# EXERCISE DIRECTIONS
Between the line containing "Keep it short and to the point. 1.38." and the line containing "Provide a short and direct response. 5.38." lies a run of lines; give that run again exactly, with both of those lines, and nothing else from the entries below.

# DATA FOR THIS EXERCISE
# # # # #

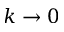Convert formula to latex. <formula><loc_0><loc_0><loc_500><loc_500>k \rightarrow 0</formula> 
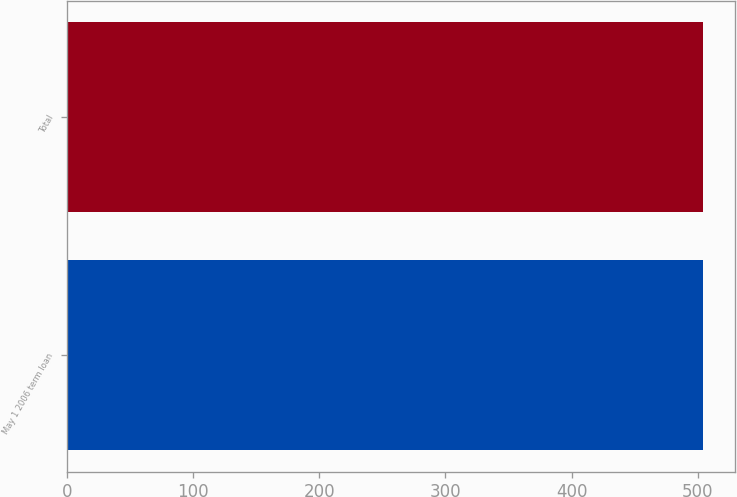<chart> <loc_0><loc_0><loc_500><loc_500><bar_chart><fcel>May 1 2006 term loan<fcel>Total<nl><fcel>504<fcel>504.1<nl></chart> 
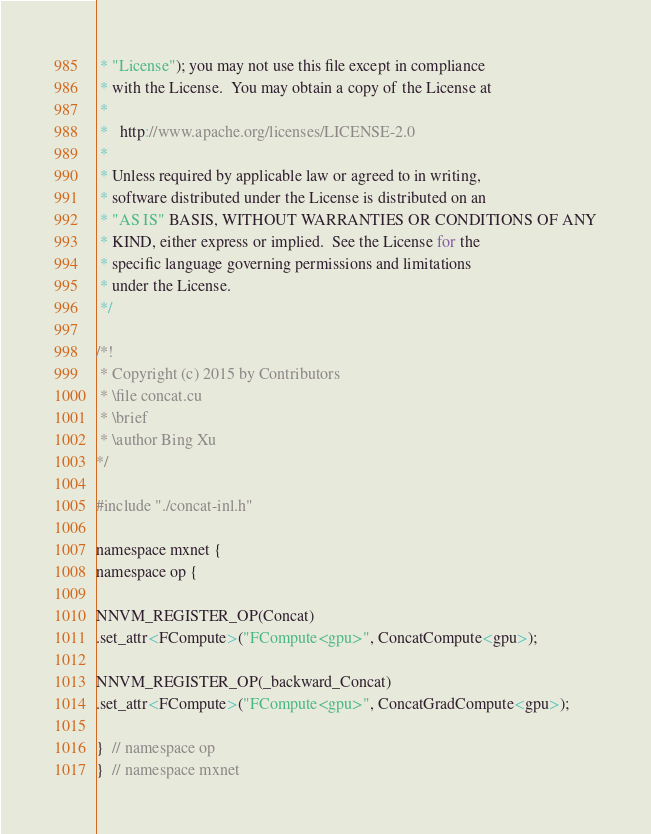<code> <loc_0><loc_0><loc_500><loc_500><_Cuda_> * "License"); you may not use this file except in compliance
 * with the License.  You may obtain a copy of the License at
 *
 *   http://www.apache.org/licenses/LICENSE-2.0
 *
 * Unless required by applicable law or agreed to in writing,
 * software distributed under the License is distributed on an
 * "AS IS" BASIS, WITHOUT WARRANTIES OR CONDITIONS OF ANY
 * KIND, either express or implied.  See the License for the
 * specific language governing permissions and limitations
 * under the License.
 */

/*!
 * Copyright (c) 2015 by Contributors
 * \file concat.cu
 * \brief
 * \author Bing Xu
*/

#include "./concat-inl.h"

namespace mxnet {
namespace op {

NNVM_REGISTER_OP(Concat)
.set_attr<FCompute>("FCompute<gpu>", ConcatCompute<gpu>);

NNVM_REGISTER_OP(_backward_Concat)
.set_attr<FCompute>("FCompute<gpu>", ConcatGradCompute<gpu>);

}  // namespace op
}  // namespace mxnet

</code> 
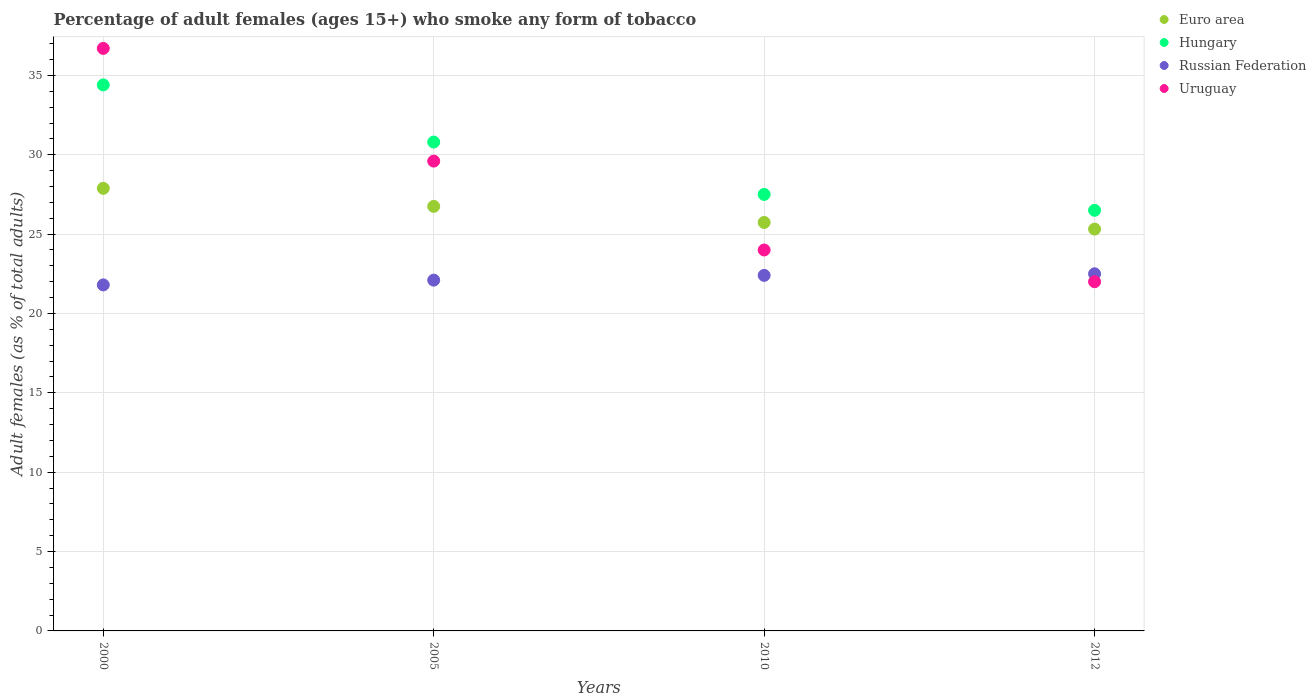What is the percentage of adult females who smoke in Euro area in 2005?
Your response must be concise. 26.75. Across all years, what is the maximum percentage of adult females who smoke in Euro area?
Ensure brevity in your answer.  27.88. Across all years, what is the minimum percentage of adult females who smoke in Uruguay?
Provide a succinct answer. 22. What is the total percentage of adult females who smoke in Uruguay in the graph?
Keep it short and to the point. 112.3. What is the difference between the percentage of adult females who smoke in Russian Federation in 2010 and that in 2012?
Offer a terse response. -0.1. What is the difference between the percentage of adult females who smoke in Euro area in 2000 and the percentage of adult females who smoke in Russian Federation in 2012?
Make the answer very short. 5.38. What is the average percentage of adult females who smoke in Hungary per year?
Offer a terse response. 29.8. In the year 2010, what is the difference between the percentage of adult females who smoke in Russian Federation and percentage of adult females who smoke in Euro area?
Ensure brevity in your answer.  -3.33. What is the ratio of the percentage of adult females who smoke in Euro area in 2005 to that in 2012?
Keep it short and to the point. 1.06. Is the percentage of adult females who smoke in Euro area in 2005 less than that in 2010?
Provide a short and direct response. No. What is the difference between the highest and the second highest percentage of adult females who smoke in Uruguay?
Ensure brevity in your answer.  7.1. What is the difference between the highest and the lowest percentage of adult females who smoke in Hungary?
Your response must be concise. 7.9. Is the sum of the percentage of adult females who smoke in Uruguay in 2000 and 2012 greater than the maximum percentage of adult females who smoke in Hungary across all years?
Offer a terse response. Yes. Is it the case that in every year, the sum of the percentage of adult females who smoke in Russian Federation and percentage of adult females who smoke in Hungary  is greater than the percentage of adult females who smoke in Euro area?
Ensure brevity in your answer.  Yes. Is the percentage of adult females who smoke in Hungary strictly greater than the percentage of adult females who smoke in Euro area over the years?
Offer a terse response. Yes. Is the percentage of adult females who smoke in Uruguay strictly less than the percentage of adult females who smoke in Russian Federation over the years?
Your response must be concise. No. What is the difference between two consecutive major ticks on the Y-axis?
Provide a short and direct response. 5. Are the values on the major ticks of Y-axis written in scientific E-notation?
Ensure brevity in your answer.  No. Where does the legend appear in the graph?
Keep it short and to the point. Top right. What is the title of the graph?
Keep it short and to the point. Percentage of adult females (ages 15+) who smoke any form of tobacco. What is the label or title of the X-axis?
Your answer should be compact. Years. What is the label or title of the Y-axis?
Your response must be concise. Adult females (as % of total adults). What is the Adult females (as % of total adults) of Euro area in 2000?
Your answer should be very brief. 27.88. What is the Adult females (as % of total adults) of Hungary in 2000?
Provide a short and direct response. 34.4. What is the Adult females (as % of total adults) in Russian Federation in 2000?
Provide a succinct answer. 21.8. What is the Adult females (as % of total adults) in Uruguay in 2000?
Ensure brevity in your answer.  36.7. What is the Adult females (as % of total adults) of Euro area in 2005?
Make the answer very short. 26.75. What is the Adult females (as % of total adults) in Hungary in 2005?
Your answer should be compact. 30.8. What is the Adult females (as % of total adults) of Russian Federation in 2005?
Ensure brevity in your answer.  22.1. What is the Adult females (as % of total adults) of Uruguay in 2005?
Offer a very short reply. 29.6. What is the Adult females (as % of total adults) of Euro area in 2010?
Your answer should be very brief. 25.73. What is the Adult females (as % of total adults) of Russian Federation in 2010?
Offer a terse response. 22.4. What is the Adult females (as % of total adults) in Uruguay in 2010?
Make the answer very short. 24. What is the Adult females (as % of total adults) of Euro area in 2012?
Offer a terse response. 25.32. What is the Adult females (as % of total adults) in Uruguay in 2012?
Your answer should be very brief. 22. Across all years, what is the maximum Adult females (as % of total adults) of Euro area?
Your answer should be compact. 27.88. Across all years, what is the maximum Adult females (as % of total adults) of Hungary?
Offer a very short reply. 34.4. Across all years, what is the maximum Adult females (as % of total adults) in Russian Federation?
Provide a succinct answer. 22.5. Across all years, what is the maximum Adult females (as % of total adults) in Uruguay?
Provide a succinct answer. 36.7. Across all years, what is the minimum Adult females (as % of total adults) in Euro area?
Offer a very short reply. 25.32. Across all years, what is the minimum Adult females (as % of total adults) in Hungary?
Give a very brief answer. 26.5. Across all years, what is the minimum Adult females (as % of total adults) in Russian Federation?
Provide a short and direct response. 21.8. What is the total Adult females (as % of total adults) of Euro area in the graph?
Ensure brevity in your answer.  105.68. What is the total Adult females (as % of total adults) in Hungary in the graph?
Offer a very short reply. 119.2. What is the total Adult females (as % of total adults) in Russian Federation in the graph?
Keep it short and to the point. 88.8. What is the total Adult females (as % of total adults) of Uruguay in the graph?
Give a very brief answer. 112.3. What is the difference between the Adult females (as % of total adults) in Euro area in 2000 and that in 2005?
Ensure brevity in your answer.  1.14. What is the difference between the Adult females (as % of total adults) of Hungary in 2000 and that in 2005?
Provide a succinct answer. 3.6. What is the difference between the Adult females (as % of total adults) in Russian Federation in 2000 and that in 2005?
Give a very brief answer. -0.3. What is the difference between the Adult females (as % of total adults) of Euro area in 2000 and that in 2010?
Provide a short and direct response. 2.15. What is the difference between the Adult females (as % of total adults) in Uruguay in 2000 and that in 2010?
Make the answer very short. 12.7. What is the difference between the Adult females (as % of total adults) in Euro area in 2000 and that in 2012?
Offer a terse response. 2.57. What is the difference between the Adult females (as % of total adults) in Uruguay in 2000 and that in 2012?
Your answer should be compact. 14.7. What is the difference between the Adult females (as % of total adults) in Euro area in 2005 and that in 2010?
Provide a short and direct response. 1.01. What is the difference between the Adult females (as % of total adults) in Russian Federation in 2005 and that in 2010?
Your answer should be compact. -0.3. What is the difference between the Adult females (as % of total adults) in Euro area in 2005 and that in 2012?
Your answer should be compact. 1.43. What is the difference between the Adult females (as % of total adults) of Hungary in 2005 and that in 2012?
Offer a very short reply. 4.3. What is the difference between the Adult females (as % of total adults) in Russian Federation in 2005 and that in 2012?
Make the answer very short. -0.4. What is the difference between the Adult females (as % of total adults) in Uruguay in 2005 and that in 2012?
Provide a succinct answer. 7.6. What is the difference between the Adult females (as % of total adults) in Euro area in 2010 and that in 2012?
Offer a terse response. 0.42. What is the difference between the Adult females (as % of total adults) in Hungary in 2010 and that in 2012?
Offer a very short reply. 1. What is the difference between the Adult females (as % of total adults) in Uruguay in 2010 and that in 2012?
Give a very brief answer. 2. What is the difference between the Adult females (as % of total adults) in Euro area in 2000 and the Adult females (as % of total adults) in Hungary in 2005?
Your answer should be very brief. -2.92. What is the difference between the Adult females (as % of total adults) in Euro area in 2000 and the Adult females (as % of total adults) in Russian Federation in 2005?
Your answer should be very brief. 5.78. What is the difference between the Adult females (as % of total adults) in Euro area in 2000 and the Adult females (as % of total adults) in Uruguay in 2005?
Keep it short and to the point. -1.72. What is the difference between the Adult females (as % of total adults) of Russian Federation in 2000 and the Adult females (as % of total adults) of Uruguay in 2005?
Offer a terse response. -7.8. What is the difference between the Adult females (as % of total adults) in Euro area in 2000 and the Adult females (as % of total adults) in Hungary in 2010?
Offer a very short reply. 0.38. What is the difference between the Adult females (as % of total adults) in Euro area in 2000 and the Adult females (as % of total adults) in Russian Federation in 2010?
Offer a terse response. 5.48. What is the difference between the Adult females (as % of total adults) of Euro area in 2000 and the Adult females (as % of total adults) of Uruguay in 2010?
Your answer should be very brief. 3.88. What is the difference between the Adult females (as % of total adults) of Hungary in 2000 and the Adult females (as % of total adults) of Russian Federation in 2010?
Give a very brief answer. 12. What is the difference between the Adult females (as % of total adults) in Hungary in 2000 and the Adult females (as % of total adults) in Uruguay in 2010?
Your answer should be compact. 10.4. What is the difference between the Adult females (as % of total adults) in Russian Federation in 2000 and the Adult females (as % of total adults) in Uruguay in 2010?
Your response must be concise. -2.2. What is the difference between the Adult females (as % of total adults) of Euro area in 2000 and the Adult females (as % of total adults) of Hungary in 2012?
Keep it short and to the point. 1.38. What is the difference between the Adult females (as % of total adults) of Euro area in 2000 and the Adult females (as % of total adults) of Russian Federation in 2012?
Provide a short and direct response. 5.38. What is the difference between the Adult females (as % of total adults) of Euro area in 2000 and the Adult females (as % of total adults) of Uruguay in 2012?
Make the answer very short. 5.88. What is the difference between the Adult females (as % of total adults) in Hungary in 2000 and the Adult females (as % of total adults) in Russian Federation in 2012?
Offer a very short reply. 11.9. What is the difference between the Adult females (as % of total adults) in Hungary in 2000 and the Adult females (as % of total adults) in Uruguay in 2012?
Your response must be concise. 12.4. What is the difference between the Adult females (as % of total adults) of Euro area in 2005 and the Adult females (as % of total adults) of Hungary in 2010?
Provide a succinct answer. -0.75. What is the difference between the Adult females (as % of total adults) in Euro area in 2005 and the Adult females (as % of total adults) in Russian Federation in 2010?
Ensure brevity in your answer.  4.35. What is the difference between the Adult females (as % of total adults) in Euro area in 2005 and the Adult females (as % of total adults) in Uruguay in 2010?
Give a very brief answer. 2.75. What is the difference between the Adult females (as % of total adults) of Hungary in 2005 and the Adult females (as % of total adults) of Russian Federation in 2010?
Give a very brief answer. 8.4. What is the difference between the Adult females (as % of total adults) in Hungary in 2005 and the Adult females (as % of total adults) in Uruguay in 2010?
Your answer should be compact. 6.8. What is the difference between the Adult females (as % of total adults) in Euro area in 2005 and the Adult females (as % of total adults) in Hungary in 2012?
Offer a very short reply. 0.25. What is the difference between the Adult females (as % of total adults) in Euro area in 2005 and the Adult females (as % of total adults) in Russian Federation in 2012?
Your answer should be very brief. 4.25. What is the difference between the Adult females (as % of total adults) in Euro area in 2005 and the Adult females (as % of total adults) in Uruguay in 2012?
Make the answer very short. 4.75. What is the difference between the Adult females (as % of total adults) in Hungary in 2005 and the Adult females (as % of total adults) in Uruguay in 2012?
Keep it short and to the point. 8.8. What is the difference between the Adult females (as % of total adults) of Euro area in 2010 and the Adult females (as % of total adults) of Hungary in 2012?
Your answer should be compact. -0.77. What is the difference between the Adult females (as % of total adults) in Euro area in 2010 and the Adult females (as % of total adults) in Russian Federation in 2012?
Provide a short and direct response. 3.23. What is the difference between the Adult females (as % of total adults) of Euro area in 2010 and the Adult females (as % of total adults) of Uruguay in 2012?
Give a very brief answer. 3.73. What is the average Adult females (as % of total adults) of Euro area per year?
Ensure brevity in your answer.  26.42. What is the average Adult females (as % of total adults) of Hungary per year?
Ensure brevity in your answer.  29.8. What is the average Adult females (as % of total adults) of Uruguay per year?
Make the answer very short. 28.07. In the year 2000, what is the difference between the Adult females (as % of total adults) of Euro area and Adult females (as % of total adults) of Hungary?
Make the answer very short. -6.52. In the year 2000, what is the difference between the Adult females (as % of total adults) of Euro area and Adult females (as % of total adults) of Russian Federation?
Ensure brevity in your answer.  6.08. In the year 2000, what is the difference between the Adult females (as % of total adults) in Euro area and Adult females (as % of total adults) in Uruguay?
Your answer should be very brief. -8.82. In the year 2000, what is the difference between the Adult females (as % of total adults) of Hungary and Adult females (as % of total adults) of Russian Federation?
Provide a short and direct response. 12.6. In the year 2000, what is the difference between the Adult females (as % of total adults) in Russian Federation and Adult females (as % of total adults) in Uruguay?
Your answer should be compact. -14.9. In the year 2005, what is the difference between the Adult females (as % of total adults) of Euro area and Adult females (as % of total adults) of Hungary?
Provide a short and direct response. -4.05. In the year 2005, what is the difference between the Adult females (as % of total adults) in Euro area and Adult females (as % of total adults) in Russian Federation?
Ensure brevity in your answer.  4.65. In the year 2005, what is the difference between the Adult females (as % of total adults) in Euro area and Adult females (as % of total adults) in Uruguay?
Your response must be concise. -2.85. In the year 2005, what is the difference between the Adult females (as % of total adults) in Hungary and Adult females (as % of total adults) in Uruguay?
Your response must be concise. 1.2. In the year 2005, what is the difference between the Adult females (as % of total adults) in Russian Federation and Adult females (as % of total adults) in Uruguay?
Make the answer very short. -7.5. In the year 2010, what is the difference between the Adult females (as % of total adults) of Euro area and Adult females (as % of total adults) of Hungary?
Keep it short and to the point. -1.77. In the year 2010, what is the difference between the Adult females (as % of total adults) of Euro area and Adult females (as % of total adults) of Russian Federation?
Make the answer very short. 3.33. In the year 2010, what is the difference between the Adult females (as % of total adults) in Euro area and Adult females (as % of total adults) in Uruguay?
Your answer should be compact. 1.73. In the year 2010, what is the difference between the Adult females (as % of total adults) of Hungary and Adult females (as % of total adults) of Russian Federation?
Keep it short and to the point. 5.1. In the year 2010, what is the difference between the Adult females (as % of total adults) in Russian Federation and Adult females (as % of total adults) in Uruguay?
Ensure brevity in your answer.  -1.6. In the year 2012, what is the difference between the Adult females (as % of total adults) in Euro area and Adult females (as % of total adults) in Hungary?
Make the answer very short. -1.18. In the year 2012, what is the difference between the Adult females (as % of total adults) of Euro area and Adult females (as % of total adults) of Russian Federation?
Provide a succinct answer. 2.82. In the year 2012, what is the difference between the Adult females (as % of total adults) of Euro area and Adult females (as % of total adults) of Uruguay?
Your answer should be compact. 3.32. In the year 2012, what is the difference between the Adult females (as % of total adults) in Hungary and Adult females (as % of total adults) in Russian Federation?
Make the answer very short. 4. In the year 2012, what is the difference between the Adult females (as % of total adults) in Russian Federation and Adult females (as % of total adults) in Uruguay?
Keep it short and to the point. 0.5. What is the ratio of the Adult females (as % of total adults) of Euro area in 2000 to that in 2005?
Ensure brevity in your answer.  1.04. What is the ratio of the Adult females (as % of total adults) of Hungary in 2000 to that in 2005?
Ensure brevity in your answer.  1.12. What is the ratio of the Adult females (as % of total adults) in Russian Federation in 2000 to that in 2005?
Your answer should be compact. 0.99. What is the ratio of the Adult females (as % of total adults) of Uruguay in 2000 to that in 2005?
Ensure brevity in your answer.  1.24. What is the ratio of the Adult females (as % of total adults) in Euro area in 2000 to that in 2010?
Your response must be concise. 1.08. What is the ratio of the Adult females (as % of total adults) of Hungary in 2000 to that in 2010?
Your response must be concise. 1.25. What is the ratio of the Adult females (as % of total adults) of Russian Federation in 2000 to that in 2010?
Ensure brevity in your answer.  0.97. What is the ratio of the Adult females (as % of total adults) of Uruguay in 2000 to that in 2010?
Your answer should be very brief. 1.53. What is the ratio of the Adult females (as % of total adults) in Euro area in 2000 to that in 2012?
Offer a very short reply. 1.1. What is the ratio of the Adult females (as % of total adults) in Hungary in 2000 to that in 2012?
Your answer should be very brief. 1.3. What is the ratio of the Adult females (as % of total adults) of Russian Federation in 2000 to that in 2012?
Offer a terse response. 0.97. What is the ratio of the Adult females (as % of total adults) of Uruguay in 2000 to that in 2012?
Offer a very short reply. 1.67. What is the ratio of the Adult females (as % of total adults) in Euro area in 2005 to that in 2010?
Your answer should be compact. 1.04. What is the ratio of the Adult females (as % of total adults) of Hungary in 2005 to that in 2010?
Make the answer very short. 1.12. What is the ratio of the Adult females (as % of total adults) of Russian Federation in 2005 to that in 2010?
Make the answer very short. 0.99. What is the ratio of the Adult females (as % of total adults) of Uruguay in 2005 to that in 2010?
Make the answer very short. 1.23. What is the ratio of the Adult females (as % of total adults) of Euro area in 2005 to that in 2012?
Your answer should be very brief. 1.06. What is the ratio of the Adult females (as % of total adults) in Hungary in 2005 to that in 2012?
Provide a short and direct response. 1.16. What is the ratio of the Adult females (as % of total adults) of Russian Federation in 2005 to that in 2012?
Your answer should be compact. 0.98. What is the ratio of the Adult females (as % of total adults) in Uruguay in 2005 to that in 2012?
Give a very brief answer. 1.35. What is the ratio of the Adult females (as % of total adults) of Euro area in 2010 to that in 2012?
Provide a short and direct response. 1.02. What is the ratio of the Adult females (as % of total adults) of Hungary in 2010 to that in 2012?
Your response must be concise. 1.04. What is the ratio of the Adult females (as % of total adults) in Uruguay in 2010 to that in 2012?
Your answer should be very brief. 1.09. What is the difference between the highest and the second highest Adult females (as % of total adults) in Euro area?
Ensure brevity in your answer.  1.14. What is the difference between the highest and the second highest Adult females (as % of total adults) in Russian Federation?
Your response must be concise. 0.1. What is the difference between the highest and the lowest Adult females (as % of total adults) in Euro area?
Your response must be concise. 2.57. What is the difference between the highest and the lowest Adult females (as % of total adults) in Hungary?
Make the answer very short. 7.9. 
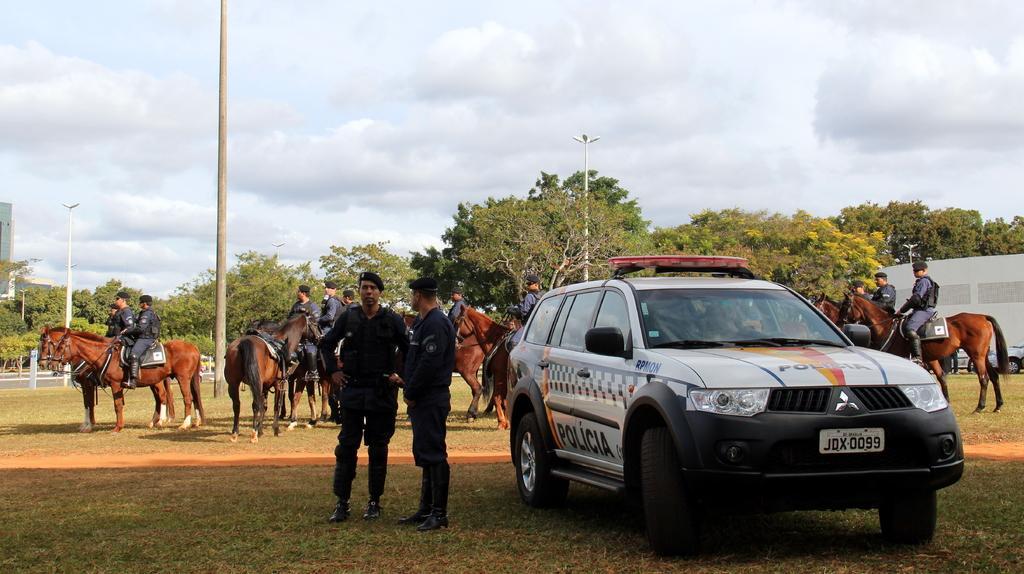In one or two sentences, can you explain what this image depicts? In this image on the right there is a car. Beside it there are two men. In the background there are many people sitting on horses. In the back there are trees, buildings, poles. The sky is cloudy.

# # # # #

# OUTPUT FOR THIS EXERCISE
Keep it short and to the point. 1.38. What is the difference between the Adult females (as % of total adults) of Euro area in 2000 and the Adult females (as % of total adults) of Russian Federation in 2012?
Provide a short and direct response. 5.38. What is the difference between the Adult females (as % of total adults) of Euro area in 2000 and the Adult females (as % of total adults) of Uruguay in 2012?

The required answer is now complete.